Sugar vs English debacle mocks the apprenticeship

Posted on 7 Mar 2013

Sugar vs. English employment tribunal makes a mockery of apprenticeships and has devalued their meaning.

The Stella English / Lord Sugar spat really devalues an apprenticeship

Like many people, I care little about the outcome of the employment tribunal being fought between Lord Sugar and Stella English.

Ms English, who won series six of the BBC1 show fronted by the celebrity peer in 2010, is suing him for constructive dismissal. She won the £100k job and expected a position in Lord Sugar’s organisation commensurate with the pay.

Central to her claim is that Lord Sugar advised her in September 2011 he would not be renewing her contract and that he did not “give a s***”. She claims she was little more than an “overpaid lackey”, tasked with menial tasksjobs, he claims that she didn’t like the reality of real work when the cameras stopped rolling.

Whatever the truth, one thing is certain. You should never fire an apprentice.

This successful BBC series has thrived on the simple headline that evokes the ideal of a young, perhaps naive, junior employee, learning the tricks of the trade on a fast-track curve and, via a fierce selection process, being chosen as the outstanding candidate to join a revered organisation.

What has been less clear to my small brain is whether the apprenticeship that these charming people undertake on The Apprentice is the humiliating selection process itself, or whether the job you win at the end of the torture is the start of the actual “apprenticeship”.

Assuming the latter (and really, in Lord Sugar’s words, who gives a s***?), Ms English won her apprenticeship at Sugar Corp on merit, fair and square, and would rightly expect a minimum level of training, due process and stewardship from the company. That is, after all, what a real apprentice would receive in the real world, isn’t it?

Instead she got a pretty unsatisfactory experience, which failed to test her mental faculties and fulfil her expectations.

Even were Lord Sugar partly right, that such expectations were unrealistically lofty and she found ‘real work’ a little unpalatable, I strongly suspect that what Sugar’s company offered her was not what most engineers, manufacturers and astute businessmen would think constitutes a true apprenticeship.

The whole sorry affair, and the programme, as entertaining as it may be, erodes the value of an apprenticeship. At a time when large numbers of politicians, and manufacturing and business stakeholders are busy promoting the virtues of apprenticeships, the type of job this show leads to is not, on the evidence presented, a good representation.

Yes, immensely tongue-in-cheek The Apprentice may be. But I suspect if you’re reading this, you are not an impressionable 15 or 16-year old reviewing his/her career options.
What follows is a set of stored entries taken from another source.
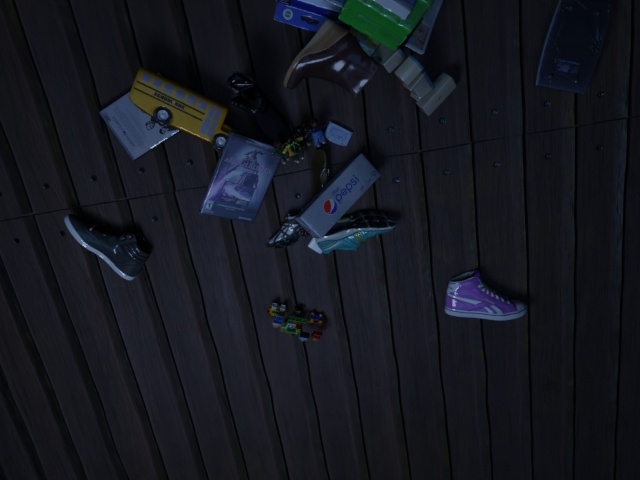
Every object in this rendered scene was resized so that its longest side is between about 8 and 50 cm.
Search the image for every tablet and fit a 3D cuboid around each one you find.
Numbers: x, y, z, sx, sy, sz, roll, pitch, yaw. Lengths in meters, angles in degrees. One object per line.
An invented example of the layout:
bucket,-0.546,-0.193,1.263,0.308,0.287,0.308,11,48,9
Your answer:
tablet,0.000,0.000,1.490,0.054,0.006,0.083,31,105,-9

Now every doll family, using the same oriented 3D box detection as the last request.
doll family,-0.062,-0.311,1.331,0.193,0.111,0.076,-41,59,-8

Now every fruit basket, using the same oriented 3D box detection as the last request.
fruit basket,0.203,-0.731,1.169,0.326,0.165,0.354,25,84,-13

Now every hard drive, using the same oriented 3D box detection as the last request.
hard drive,0.749,-0.583,1.290,0.171,0.054,0.255,9,106,-3

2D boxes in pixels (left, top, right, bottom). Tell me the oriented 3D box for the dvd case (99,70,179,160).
dvd case,-0.551,-0.392,1.365,0.238,0.030,0.179,-29,104,8

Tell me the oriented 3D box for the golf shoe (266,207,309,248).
golf shoe,-0.105,-0.038,1.454,0.198,0.077,0.094,-27,71,21

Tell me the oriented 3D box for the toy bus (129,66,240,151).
toy bus,-0.396,-0.382,1.303,0.332,0.108,0.130,22,92,-18

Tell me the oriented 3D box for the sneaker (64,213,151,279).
sneaker,-0.698,-0.013,1.444,0.147,0.105,0.296,-41,108,9

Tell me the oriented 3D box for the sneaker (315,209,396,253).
sneaker,0.119,-0.027,1.449,0.274,0.107,0.110,-13,128,5

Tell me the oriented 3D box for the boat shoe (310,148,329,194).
boat shoe,0.001,-0.223,1.403,0.056,0.049,0.153,14,114,23

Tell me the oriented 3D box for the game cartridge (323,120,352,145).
game cartridge,0.055,-0.341,1.385,0.083,0.017,0.056,25,101,-7

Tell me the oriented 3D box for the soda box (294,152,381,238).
soda box,0.053,-0.140,1.355,0.098,0.091,0.286,45,80,-13

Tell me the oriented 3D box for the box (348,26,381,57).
box,0.134,-0.611,1.292,0.105,0.043,0.179,37,106,-9

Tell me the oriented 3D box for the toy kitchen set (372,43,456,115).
toy kitchen set,0.284,-0.513,1.301,0.122,0.166,0.207,-46,143,13

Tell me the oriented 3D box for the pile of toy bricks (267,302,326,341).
pile of toy bricks,-0.094,0.308,1.541,0.212,0.118,0.105,15,138,-13

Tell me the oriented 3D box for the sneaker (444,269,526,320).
sneaker,0.582,0.186,1.495,0.281,0.102,0.161,2,103,0

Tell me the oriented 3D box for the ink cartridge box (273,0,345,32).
ink cartridge box,-0.010,-0.735,1.254,0.223,0.045,0.224,14,106,-4

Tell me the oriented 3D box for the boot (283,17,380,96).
boot,0.028,-0.496,1.280,0.206,0.090,0.248,41,120,-10

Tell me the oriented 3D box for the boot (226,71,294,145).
boot,-0.175,-0.378,1.276,0.094,0.207,0.247,-34,104,9

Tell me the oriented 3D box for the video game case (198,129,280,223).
video game case,-0.248,-0.191,1.361,0.196,0.026,0.274,10,115,-41
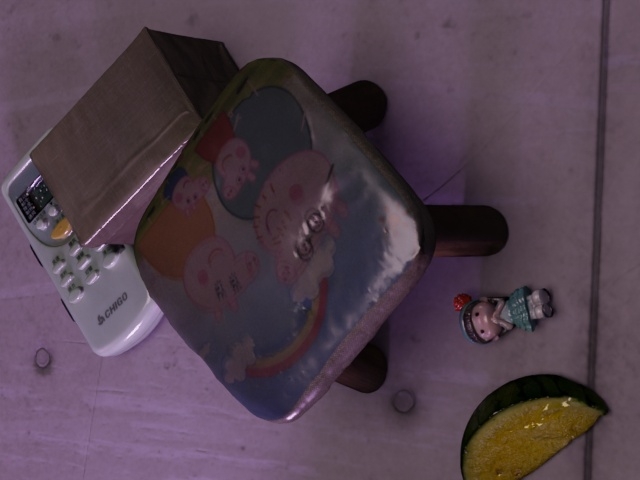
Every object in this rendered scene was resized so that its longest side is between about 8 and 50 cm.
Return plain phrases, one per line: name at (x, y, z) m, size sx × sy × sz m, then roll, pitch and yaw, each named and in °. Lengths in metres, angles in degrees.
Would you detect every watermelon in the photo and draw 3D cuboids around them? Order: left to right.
watermelon at (0.208, 0.193, 1.702) m, size 0.092 × 0.075 × 0.181 m, roll 35°, pitch 118°, yaw -18°

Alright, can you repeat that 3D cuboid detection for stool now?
stool at (0.000, 0.000, 1.728) m, size 0.310 × 0.226 × 0.310 m, roll 50°, pitch 116°, yaw 24°

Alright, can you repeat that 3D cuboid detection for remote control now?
remote control at (-0.301, 0.005, 2.027) m, size 0.140 × 0.056 × 0.296 m, roll -44°, pitch 66°, yaw 27°

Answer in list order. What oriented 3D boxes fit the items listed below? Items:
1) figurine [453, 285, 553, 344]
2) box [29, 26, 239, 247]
figurine at (0.195, 0.075, 1.703) m, size 0.106 × 0.047 × 0.060 m, roll -17°, pitch 93°, yaw 29°
box at (-0.199, -0.116, 1.904) m, size 0.231 × 0.149 × 0.155 m, roll -44°, pitch 67°, yaw 26°
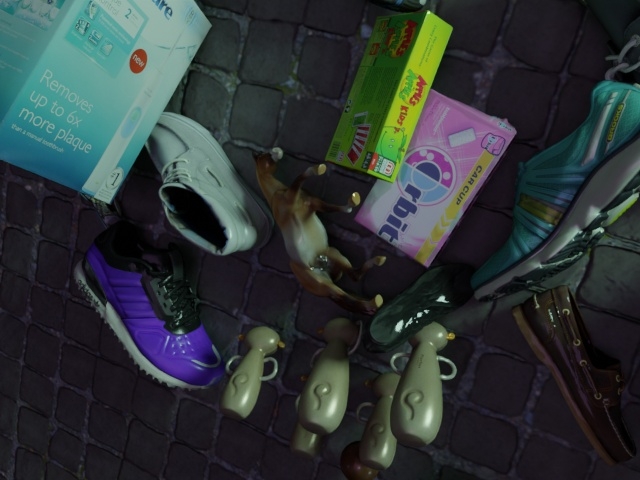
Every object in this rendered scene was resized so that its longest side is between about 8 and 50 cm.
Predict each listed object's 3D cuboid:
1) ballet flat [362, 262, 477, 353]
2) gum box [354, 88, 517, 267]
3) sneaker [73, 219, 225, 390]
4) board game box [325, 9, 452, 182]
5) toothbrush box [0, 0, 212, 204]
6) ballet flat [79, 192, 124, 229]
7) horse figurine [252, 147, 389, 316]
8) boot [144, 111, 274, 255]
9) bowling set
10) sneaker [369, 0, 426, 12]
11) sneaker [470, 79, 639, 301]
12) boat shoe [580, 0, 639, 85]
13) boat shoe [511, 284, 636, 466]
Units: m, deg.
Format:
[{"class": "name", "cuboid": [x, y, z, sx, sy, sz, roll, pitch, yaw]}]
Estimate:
[{"class": "ballet flat", "cuboid": [0.118, 0.076, 0.622, 0.173, 0.049, 0.057, -28, 74, -20]}, {"class": "gum box", "cuboid": [0.137, -0.077, 0.621, 0.107, 0.062, 0.188, 34, 109, 14]}, {"class": "sneaker", "cuboid": [-0.237, 0.084, 0.771, 0.293, 0.102, 0.146, 42, 109, 11]}, {"class": "board game box", "cuboid": [0.075, -0.165, 0.604, 0.092, 0.043, 0.181, 28, 100, 55]}, {"class": "toothbrush box", "cuboid": [-0.292, -0.220, 0.643, 0.126, 0.216, 0.295, 26, 85, 15]}, {"class": "ballet flat", "cuboid": [-0.350, -0.065, 0.833, 0.041, 0.041, 0.114, -43, 82, 21]}, {"class": "horse figurine", "cuboid": [0.000, 0.000, 0.662, 0.174, 0.066, 0.263, -3, 118, 54]}, {"class": "boot", "cuboid": [-0.178, -0.084, 0.711, 0.258, 0.123, 0.095, 43, 110, 10]}, {"class": "bowling set", "cuboid": [0.029, 0.206, 0.684, 0.287, 0.154, 0.199, 3, 136, 18]}, {"class": "sneaker", "cuboid": [0.039, -0.339, 0.612, 0.211, 0.080, 0.081, 36, 112, 12]}, {"class": "sneaker", "cuboid": [0.255, -0.041, 0.565, 0.110, 0.107, 0.275, 51, 122, 30]}, {"class": "boat shoe", "cuboid": [0.335, -0.182, 0.502, 0.319, 0.116, 0.099, 41, 106, 6]}, {"class": "boat shoe", "cuboid": [0.300, 0.150, 0.586, 0.073, 0.073, 0.207, -32, 86, 24]}]
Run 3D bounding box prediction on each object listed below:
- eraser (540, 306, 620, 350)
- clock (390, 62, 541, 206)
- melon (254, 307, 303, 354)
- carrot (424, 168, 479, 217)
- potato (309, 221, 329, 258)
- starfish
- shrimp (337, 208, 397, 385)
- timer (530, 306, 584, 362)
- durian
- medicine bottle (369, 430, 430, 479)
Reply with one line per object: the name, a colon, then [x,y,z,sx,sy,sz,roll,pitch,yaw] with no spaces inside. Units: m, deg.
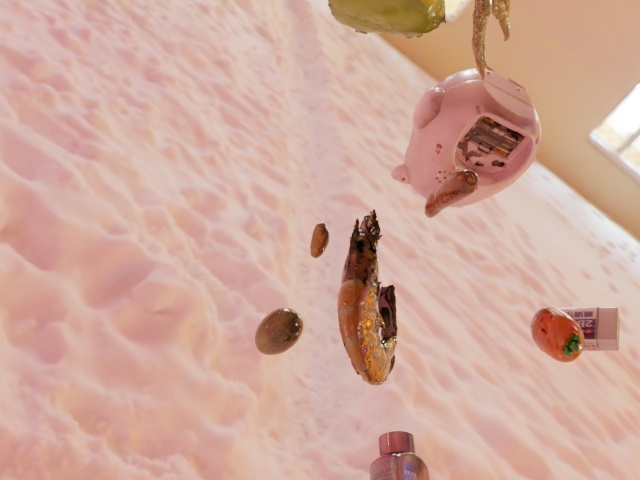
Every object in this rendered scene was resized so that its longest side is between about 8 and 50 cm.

During a real apprenticeship the employer looks after their charge, mentors them and develops them to reflect what they are – an asset to the business. An apprentice is never fired, unless guilty of gross misconduct – why would you spoil your investment?

In Germany, and increasingly here, with the launch of the Commercial Engineering Apprenticeship (introduced by the MTA and the AMRC with Boeing) following completion of an apprenticeship the employee’s education continues. They are introduced to technical sales training, languages and visit all the company’s divisions to get a full scope of the business.

A true apprenticeship has measurable value. In many industries, it is and should be, a minimum of three years training, with college study. In Germany, it gives a person real status – and is the foundation for many senior careers, not just in engineering but in finance, retail and construction.

In Germany there is one apprenticeship grade, a minimum national standard compiled along the three, or four, year course applied to different professions. There are not myriad flavours and levels of apprenticeship – in the same way you would not have several flavours of medical doctor at graduation.

Here, they would never call such a show The Apprentice, because the double-meaning would not translate (cue emails to prove me wrong).

Lord Sugar selected Ms English on merit and a ‘real’ apprenticeship would have crafted her talents to add value to his business and to her own career.

The BBC should stop calling this show The Apprentice to avoid further erosion of a good name that needs more responsible PR; may I suggest The Circus as an apt alternative?